Shell revised its LNG production estimates and forecasted a dip in oil and gas trading outcomes for the fourth quarter, citing hedging contract expirations. The company announced potential impairments in its renewables division and noted a strategic shift away from new offshore wind investments.


Devdiscourse News Desk | Updated: 08-01-2025 14:06 IST | Created: 08-01-2025 13:19 IST
Shell Adjusts LNG Production and Trading Outlook Amid Strategic Shifts
Representative Image Image Credit: Twitter(@Shell)

In a recent trading update, Shell announced an adjustment to its liquefied natural gas (LNG) production forecast for the fourth quarter. The revised estimate ranges from 6.8 to 7.2 million metric tons, down from the previous 6.9 to 7.5 million tons. This shift is attributed to reduced feedgas and cargo deliveries.
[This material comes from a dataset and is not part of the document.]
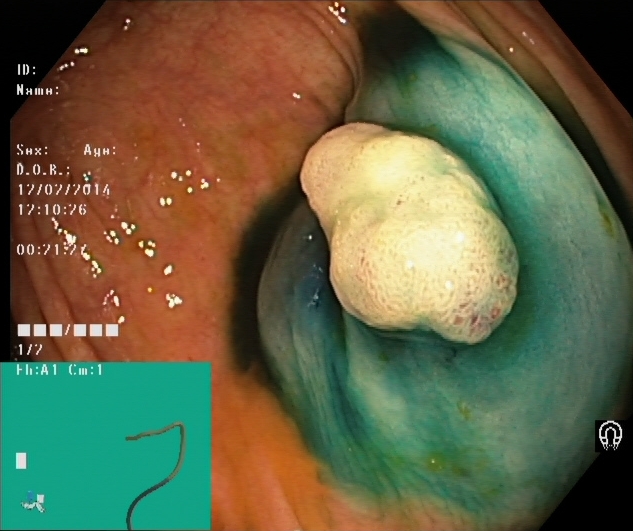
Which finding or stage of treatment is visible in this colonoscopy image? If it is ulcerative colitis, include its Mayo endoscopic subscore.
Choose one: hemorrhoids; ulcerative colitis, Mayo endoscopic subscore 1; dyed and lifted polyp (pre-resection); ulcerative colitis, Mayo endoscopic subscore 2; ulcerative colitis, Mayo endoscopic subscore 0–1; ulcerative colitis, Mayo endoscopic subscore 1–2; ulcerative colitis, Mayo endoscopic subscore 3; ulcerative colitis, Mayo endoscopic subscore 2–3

dyed and lifted polyp (pre-resection)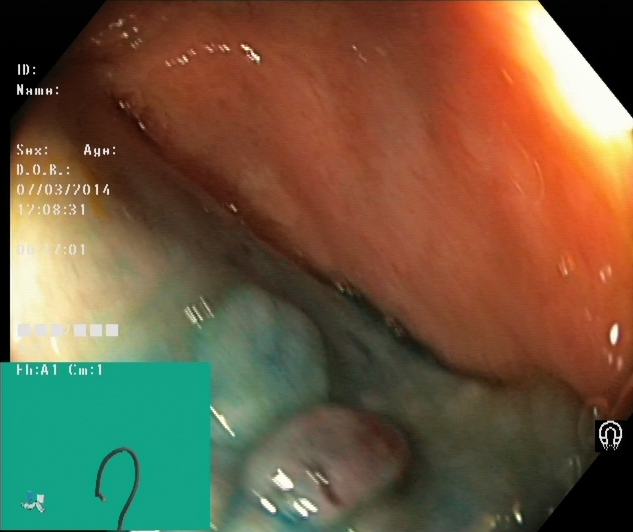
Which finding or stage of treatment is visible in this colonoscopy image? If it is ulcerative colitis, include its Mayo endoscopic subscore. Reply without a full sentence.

The energy giant also projected a significant decline in oil and gas trading results compared to the third quarter. This forecast is primarily due to the expiry of hedging contracts, impacting its LNG trading division, the largest globally.

Shell is also preparing for non-cash, post-tax impairments of $1.5 to $3 billion, largely within its renewables sector. These updates align with CEO Wael Sawan's strategy to focus on the company's most profitable segments, abandoning new offshore wind projects in the process.